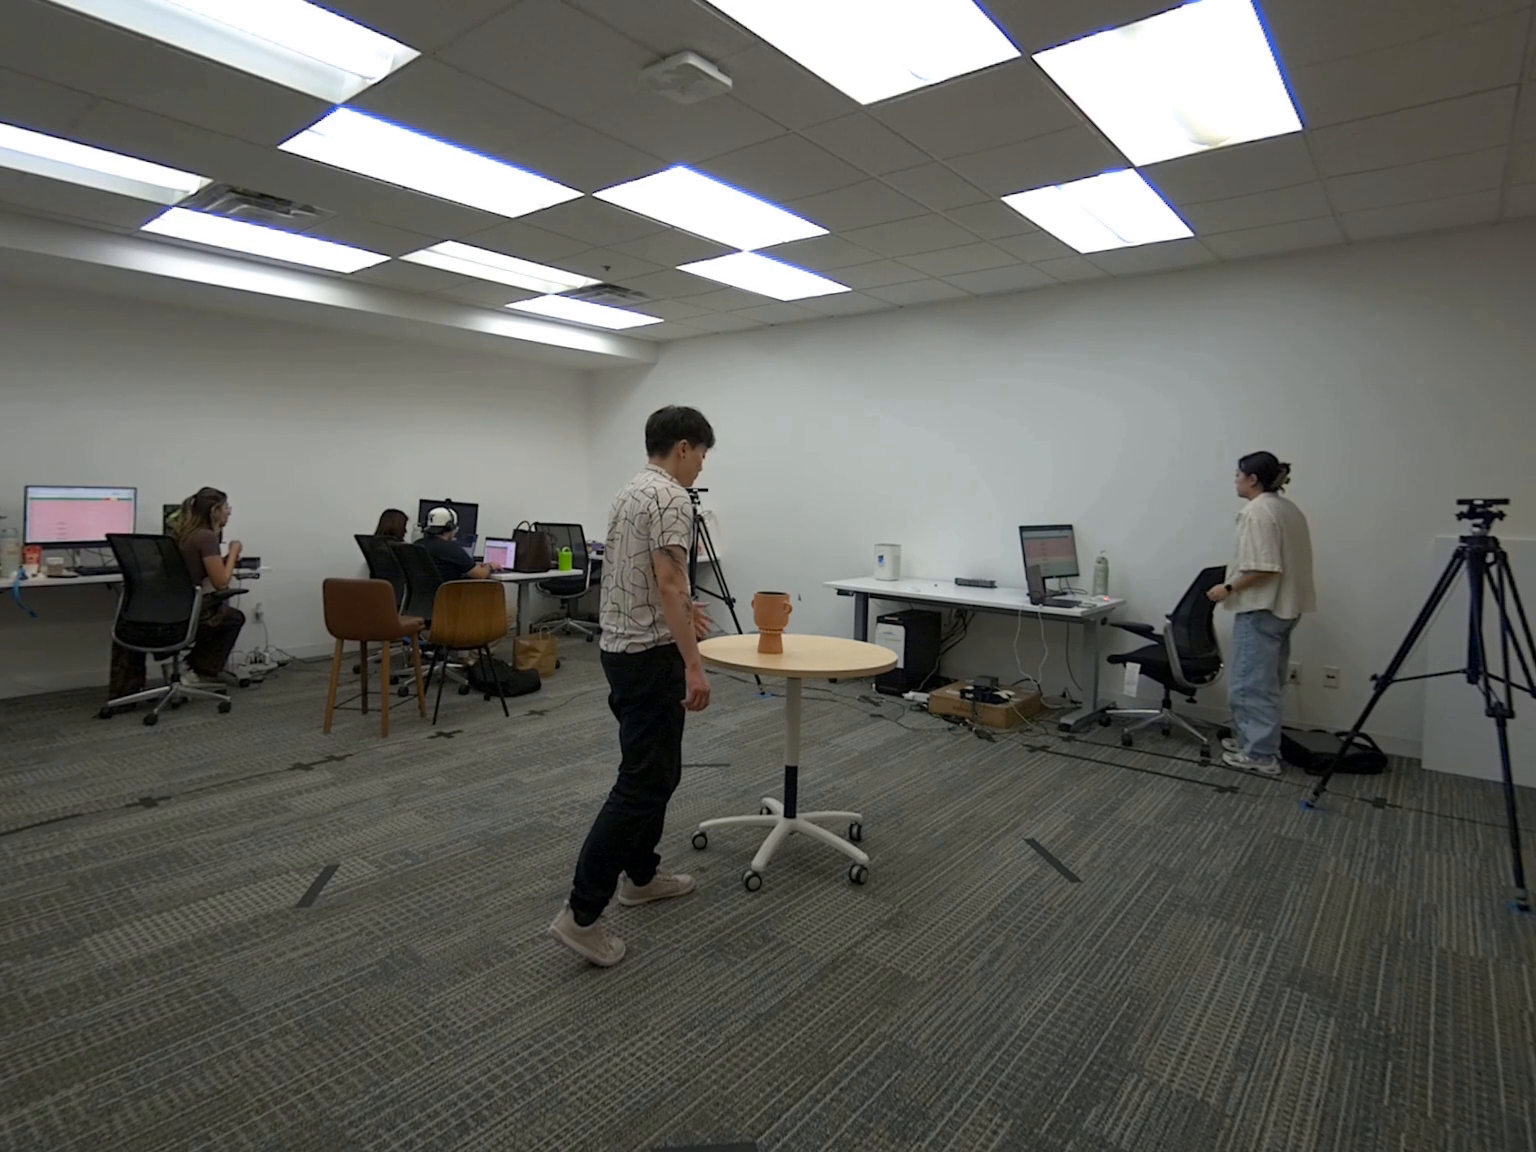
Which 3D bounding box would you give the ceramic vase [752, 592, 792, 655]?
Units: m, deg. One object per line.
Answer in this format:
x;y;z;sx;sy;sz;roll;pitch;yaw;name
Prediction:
0.000;0.171;3.186;0.133;0.219;0.160;0;3;-8;ceramic vase
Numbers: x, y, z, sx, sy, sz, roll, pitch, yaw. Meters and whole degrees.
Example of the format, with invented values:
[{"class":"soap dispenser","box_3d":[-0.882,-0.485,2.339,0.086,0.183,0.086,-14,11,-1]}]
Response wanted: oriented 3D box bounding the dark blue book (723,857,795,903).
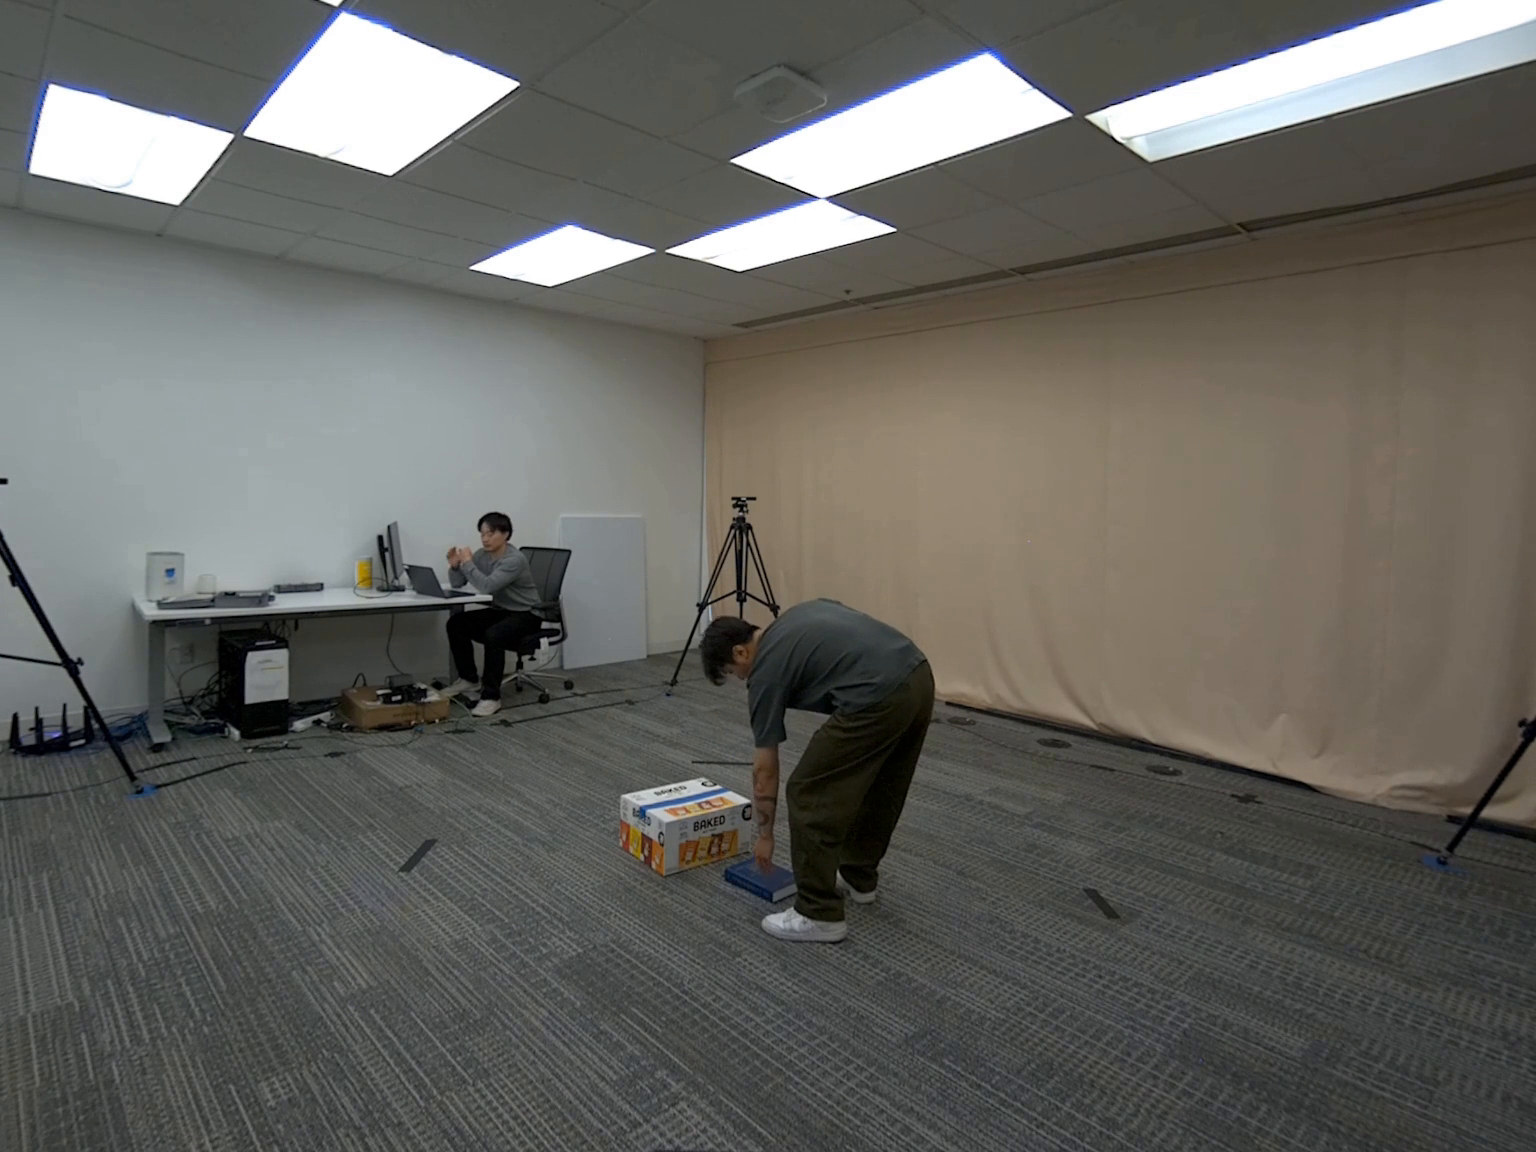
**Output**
########################################
§ PROBLEM DESCRIPTION: Although the records contain pictures, only the text should be copied, exactly as it stands.

§ SOLUTION BELOW:
Which 3D bounding box would you give the ceramic vase [752, 592, 792, 655]?
Units: m, deg. One object per line.
Answer in this format:
x;y;z;sx;sy;sz;roll;pitch;yaw;name
Prediction:
0.000;0.171;3.186;0.133;0.219;0.160;0;3;-8;ceramic vase
Numbers: x, y, z, sx, sy, sz, roll, pitch, yaw. Meters and whole degrees.
Example of the format, with invented values:
[{"class":"soap dispenser","box_3d":[-0.882,-0.485,2.339,0.086,0.183,0.086,-14,11,-1]}]
Response wanted: oriented 3D box bounding the dark blue book (723,857,795,903).
**Output**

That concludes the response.